Originally published 18 July 1988
The Space Captain looked around the control room. ‘Sit tight, everybody,’ he said. ‘We’re going into overdrive.’ His hand moved a small lever. There was a slight, almost imperceptible shudder, and a purple light glowed on the control panel as the ship streaked toward Antares.”*
Ah, yes. Galactic travel. A zip through hyperspace. The meat and potatoes of science fiction. We have traveled so often to Antares and beyond, in books, films, and television, that it seems only a matter of time before humans must actually embark upon such a voyage.
Impossible, says the physicist. No way, says the astronomer. Or as Sir Richard Woolley, once Britain’s Astronomer Royal, so tidily put it: “Space travel is bilge.”
But don’t tell that to the students in my astronomy class. They will listen politely to what I have to say about the unbridgable distances to the stars, about the energy requirements for travel at speeds close to the speed of light, and about nature’s absolute prohibition on travel at speeds greater than the speed of light — they will listen politely and then they will say “But how can you be sure? Maybe there’s lots of stuff we don’t know yet.”
And, of course, they are right. One would hate to be caught with one’s imaginative pants down, as was Dr. Lee De Forest, the man who invented the vacuum tube, who in 1957 was quoted as saying that man would never reach the moon “regardless of all future scientific advances.”
Who, a hundred years ago, would have imagined flying through the air to Europe at twice the speed of sound? Who would have guessed that we would get to the moon only 12 years after De Forest pronounced it impossible. Humans will be colonizing Mars before the middle of the next century, easy. Can Antares be far behind?
The ways to go
Listen to the science fiction writers: There are lots of ways to get to Antares fast.

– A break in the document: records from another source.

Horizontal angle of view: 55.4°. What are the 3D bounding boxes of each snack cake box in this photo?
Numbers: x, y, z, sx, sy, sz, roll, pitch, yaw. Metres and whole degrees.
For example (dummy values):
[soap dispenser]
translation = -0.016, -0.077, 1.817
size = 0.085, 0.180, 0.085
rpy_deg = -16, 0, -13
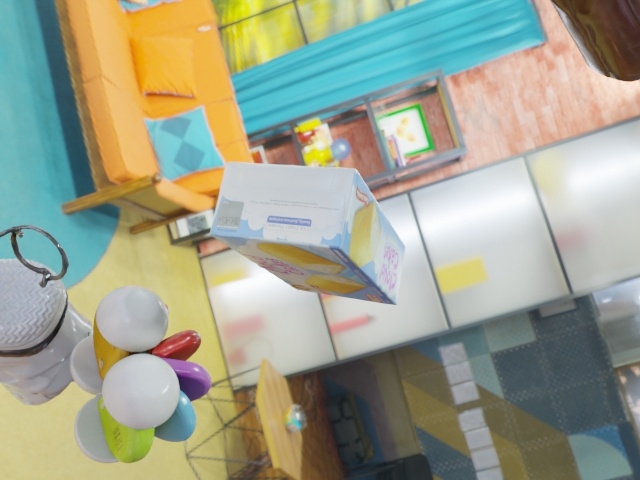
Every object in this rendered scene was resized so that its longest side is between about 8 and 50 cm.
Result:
[snack cake box]
translation = 0.000, 0.000, 0.736
size = 0.264, 0.152, 0.089
rpy_deg = 43, 55, -64

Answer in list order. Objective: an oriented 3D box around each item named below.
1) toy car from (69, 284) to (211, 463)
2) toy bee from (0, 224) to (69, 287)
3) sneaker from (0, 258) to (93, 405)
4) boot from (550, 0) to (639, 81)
[toy car]
translation = -0.188, 0.147, 0.667
size = 0.136, 0.159, 0.182
rpy_deg = 8, 50, -36
[toy bee]
translation = -0.406, 0.018, 0.534
size = 0.195, 0.298, 0.162
rpy_deg = 63, 38, -27
[sneaker]
translation = -0.453, 0.125, 0.776
size = 0.210, 0.365, 0.138
rpy_deg = 71, 21, -53
[boot]
translation = 0.111, -0.125, 0.297
size = 0.114, 0.037, 0.106
rpy_deg = 38, 9, -28

There’s old reliable hyperspace. According to this view, our familiar three-dimensional universe is folded or crumpled in a higher dimension, as a flat piece of paper might be crumpled in three-dimensional space. The space traveler moves quickly from one place in the universe to another by taking a short cut through the higher dimension.
A variation on the hyperspace theme imagines a nifty short cut through a black hole, which in this souped-up version of the gospel of relativity is actually a wormhole through a higher dimension.
Or one might avoid nature’s prohibition on faster-than-light space travel by taking a quantum jump. In the standard interpretation of quantum physics, electrons in the atom jump from one energy level to another without traversing the space (or energies) in between. If electrons can do it, then why not the Antares-bound spaceship?
And if this stretched-out physics doesn’t do the trick, then one can always explore psychic dimensions. Dematerialization. Travel from one place to another as pure thought. Reconstitute the spaceship as bodiless information, instantly communicated within that great Mind which is the universe.
Why not? I’ll tell you why not. It’s all bilge.
These thoughts on the impossibility of space travel are inspired by a book called No Way, The Nature of the Impossible, edited by mathematician Philip Davis and physicist David Park. The book considers in delightful detail what it means to say “impossible” in all areas of science. It is from Park’s own contribution to the book, a chapter called “When Nature Says No,” that I borrowed the sci-fi episode that begins this column — and Sir Richard Woolley’s royally-stated opinion on the impossibility of space travel.
Possible and not so impossible
The essays in No Way consider the “impossibility” of everything from climbing Mt. Everest to parenting a perfect child. The editors contend that “because mankind is inspired by the challenge of the impossible…it behooves us to have some conceptions of what it is.” I agree. A healthy notion of what is possible and impossible is at the heart of all good science.
“To live at the boundary between the possible and the impossible, and to be aware of it, is to be truly alive,” say Davis and Park. And they wisely add: “What is really new in the world emerges at this boundary.”
Their words apply equally to mountaineers, parents, and prospective space travelers. To imagine that everything is possible — as do the people who read supermarket newspapers, politicians who believe in astrology, and growing numbers of New Agers — takes the edge off living at the boundary. To imagine that the impossible is carved in stone takes the edge off too.
Science is different from superstition and from science fiction because it cleaves to the boundary between the possible and impossible. It is a delicate balancing act — to be skeptical and open at the same time. I don’t believe in UFOs because I am firmly convinced that space travel is bilge. But I also know that our present knowledge of the world is partial and tentative. Someday, humans may travel to Antares. Someday Antarians may visit Earth. I’m prepared to be astonished.
* Excerpt from No Way: The Nature of the Impossible by Philip J. Davis and David Park. © 1987 W. H. Freeman and Co. Reprinted with permission.